» DATA FOR ANALYSIS
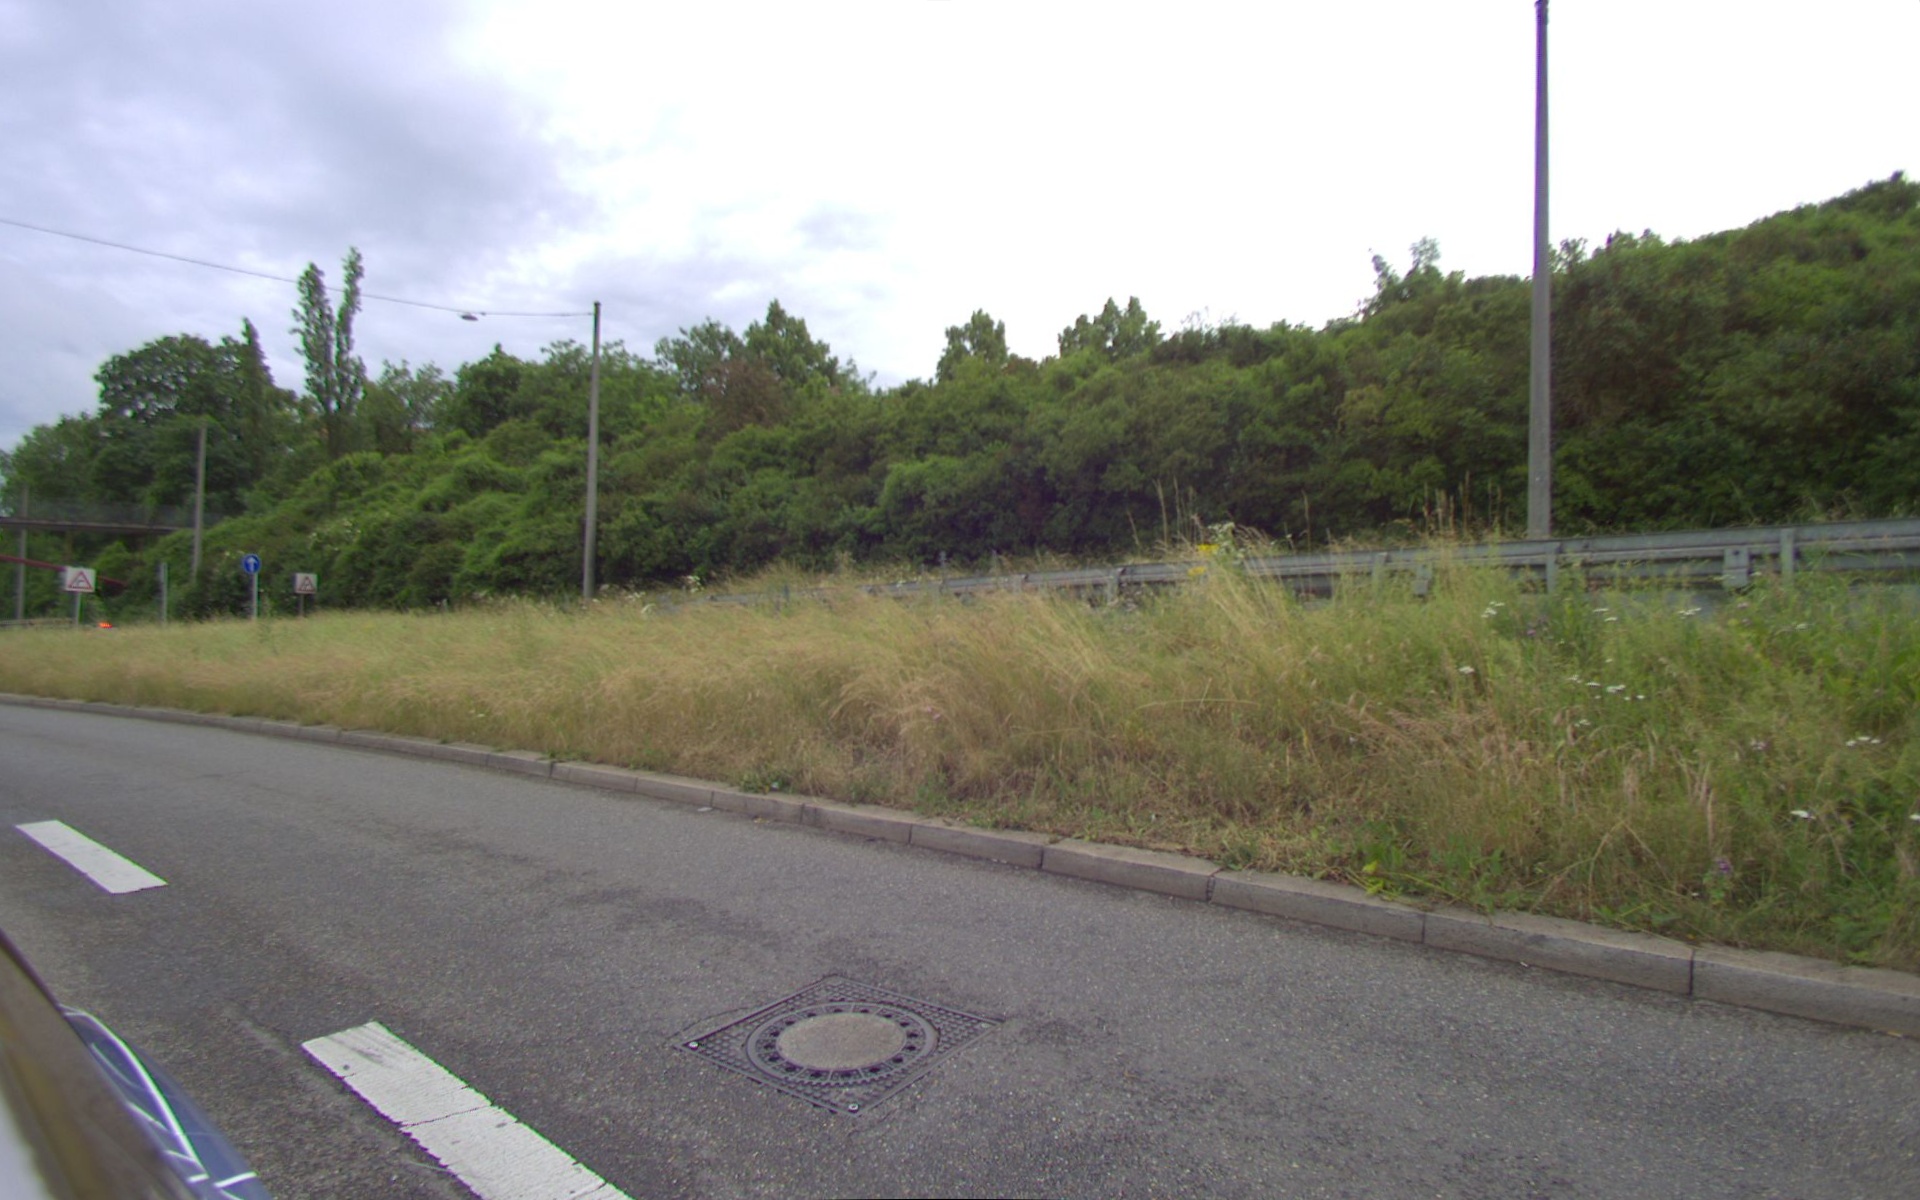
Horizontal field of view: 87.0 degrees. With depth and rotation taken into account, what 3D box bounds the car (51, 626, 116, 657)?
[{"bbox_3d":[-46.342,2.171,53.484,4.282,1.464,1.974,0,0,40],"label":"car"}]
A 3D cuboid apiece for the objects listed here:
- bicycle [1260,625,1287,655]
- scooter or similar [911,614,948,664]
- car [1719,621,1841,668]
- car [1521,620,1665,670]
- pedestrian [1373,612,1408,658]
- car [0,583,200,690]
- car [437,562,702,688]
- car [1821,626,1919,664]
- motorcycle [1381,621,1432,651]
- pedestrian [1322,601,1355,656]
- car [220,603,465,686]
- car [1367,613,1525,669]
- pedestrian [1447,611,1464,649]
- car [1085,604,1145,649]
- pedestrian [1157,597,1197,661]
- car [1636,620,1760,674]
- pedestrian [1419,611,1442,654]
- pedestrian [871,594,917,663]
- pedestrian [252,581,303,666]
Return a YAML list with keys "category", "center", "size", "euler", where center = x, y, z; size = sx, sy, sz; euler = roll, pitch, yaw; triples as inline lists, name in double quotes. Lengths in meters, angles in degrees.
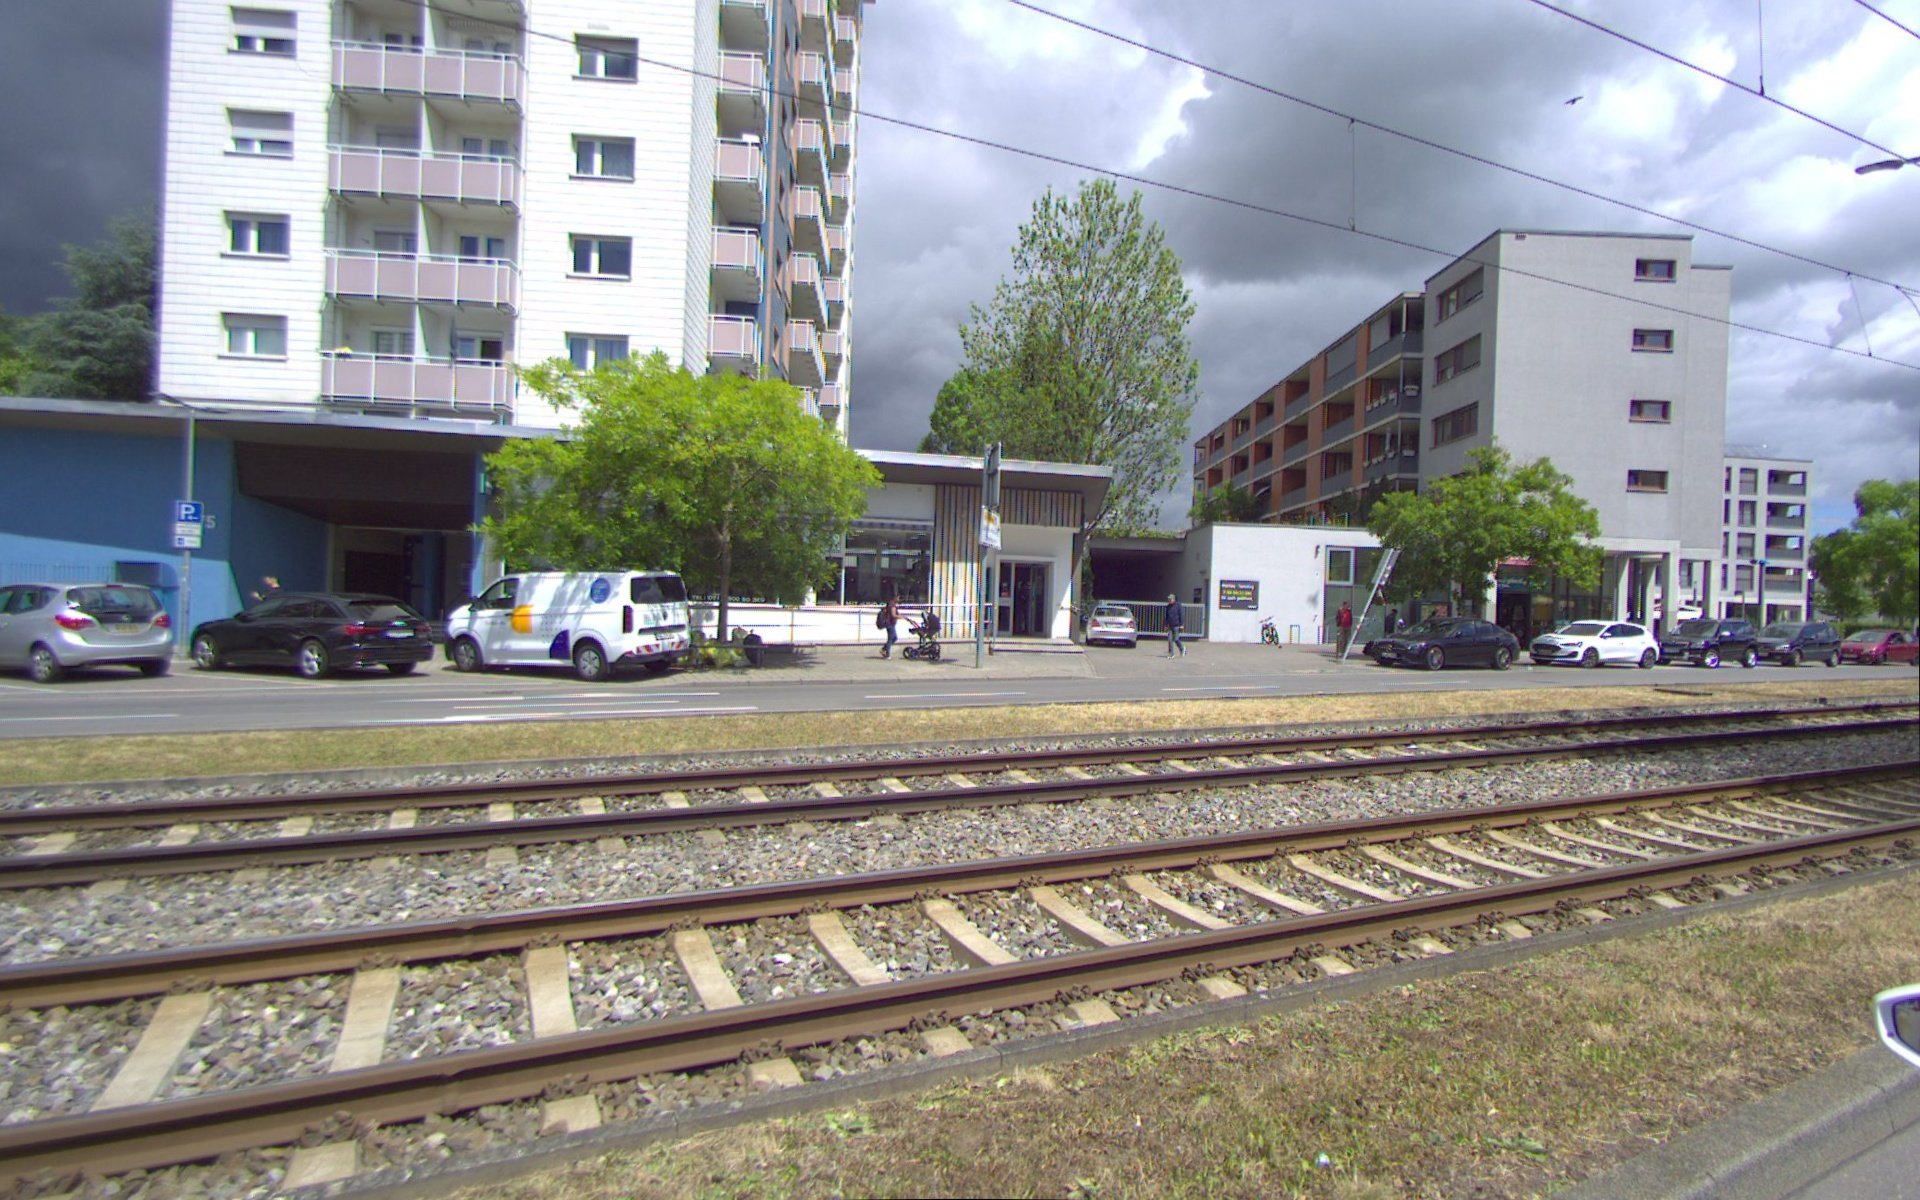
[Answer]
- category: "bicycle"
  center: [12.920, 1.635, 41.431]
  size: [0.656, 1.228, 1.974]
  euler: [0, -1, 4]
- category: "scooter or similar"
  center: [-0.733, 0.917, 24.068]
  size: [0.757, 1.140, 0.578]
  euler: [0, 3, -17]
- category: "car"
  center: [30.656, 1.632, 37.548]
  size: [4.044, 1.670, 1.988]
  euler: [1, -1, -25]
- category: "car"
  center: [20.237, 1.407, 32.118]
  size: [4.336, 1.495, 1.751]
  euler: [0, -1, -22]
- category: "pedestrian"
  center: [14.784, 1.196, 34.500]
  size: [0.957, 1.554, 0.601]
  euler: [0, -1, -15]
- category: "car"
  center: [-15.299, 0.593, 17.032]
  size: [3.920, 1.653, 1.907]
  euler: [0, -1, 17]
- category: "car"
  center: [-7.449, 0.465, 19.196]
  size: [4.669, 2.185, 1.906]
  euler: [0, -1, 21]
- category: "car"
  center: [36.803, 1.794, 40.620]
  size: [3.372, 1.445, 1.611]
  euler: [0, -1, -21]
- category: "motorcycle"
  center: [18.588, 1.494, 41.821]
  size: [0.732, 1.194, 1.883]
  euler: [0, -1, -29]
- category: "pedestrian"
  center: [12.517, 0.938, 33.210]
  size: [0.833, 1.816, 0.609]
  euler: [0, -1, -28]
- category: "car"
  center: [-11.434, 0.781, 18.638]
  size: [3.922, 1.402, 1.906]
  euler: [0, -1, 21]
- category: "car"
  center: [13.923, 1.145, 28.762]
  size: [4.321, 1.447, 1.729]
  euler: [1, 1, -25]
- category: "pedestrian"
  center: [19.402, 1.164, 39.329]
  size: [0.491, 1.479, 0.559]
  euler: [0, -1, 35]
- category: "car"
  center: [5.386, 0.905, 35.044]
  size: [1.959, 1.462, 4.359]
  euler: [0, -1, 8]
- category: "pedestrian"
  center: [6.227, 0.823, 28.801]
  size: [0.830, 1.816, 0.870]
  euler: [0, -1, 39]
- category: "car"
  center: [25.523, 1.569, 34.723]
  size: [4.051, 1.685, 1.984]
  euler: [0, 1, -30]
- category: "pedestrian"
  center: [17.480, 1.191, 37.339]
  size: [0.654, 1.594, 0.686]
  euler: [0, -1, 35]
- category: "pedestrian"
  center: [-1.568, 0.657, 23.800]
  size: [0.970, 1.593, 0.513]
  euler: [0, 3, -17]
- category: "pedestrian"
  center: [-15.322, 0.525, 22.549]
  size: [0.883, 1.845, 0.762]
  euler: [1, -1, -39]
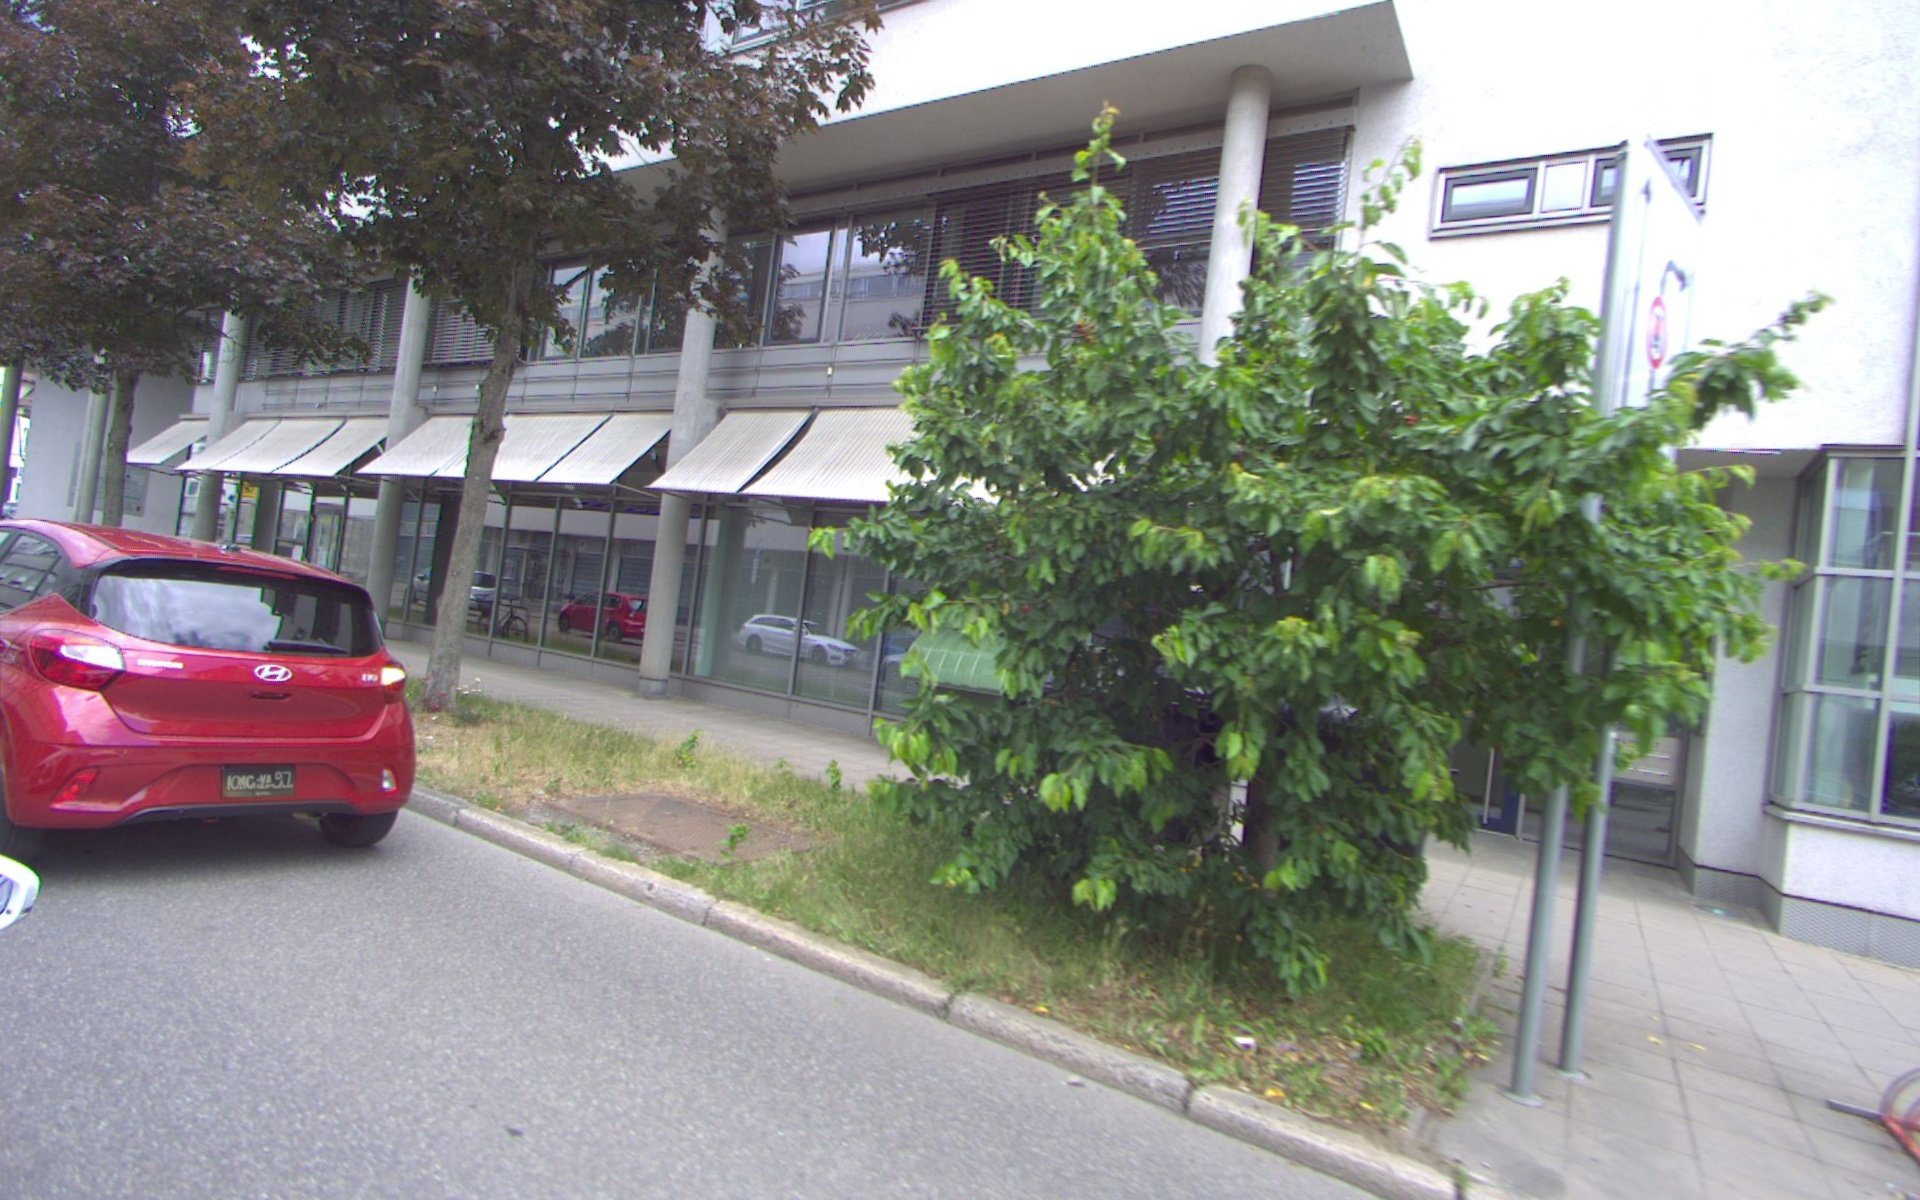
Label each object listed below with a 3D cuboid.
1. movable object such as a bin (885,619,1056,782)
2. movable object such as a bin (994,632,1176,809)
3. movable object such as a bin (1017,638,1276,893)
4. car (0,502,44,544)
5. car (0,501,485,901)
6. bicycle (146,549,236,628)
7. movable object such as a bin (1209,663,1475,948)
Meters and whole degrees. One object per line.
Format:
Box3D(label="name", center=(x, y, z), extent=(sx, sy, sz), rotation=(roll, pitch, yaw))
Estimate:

» DIRECTIONS
Pick out every line of the listing containing the word "such", and show those lines.

» SOLUTION
1. movable object such as a bin (885,619,1056,782)
2. movable object such as a bin (994,632,1176,809)
3. movable object such as a bin (1017,638,1276,893)
7. movable object such as a bin (1209,663,1475,948)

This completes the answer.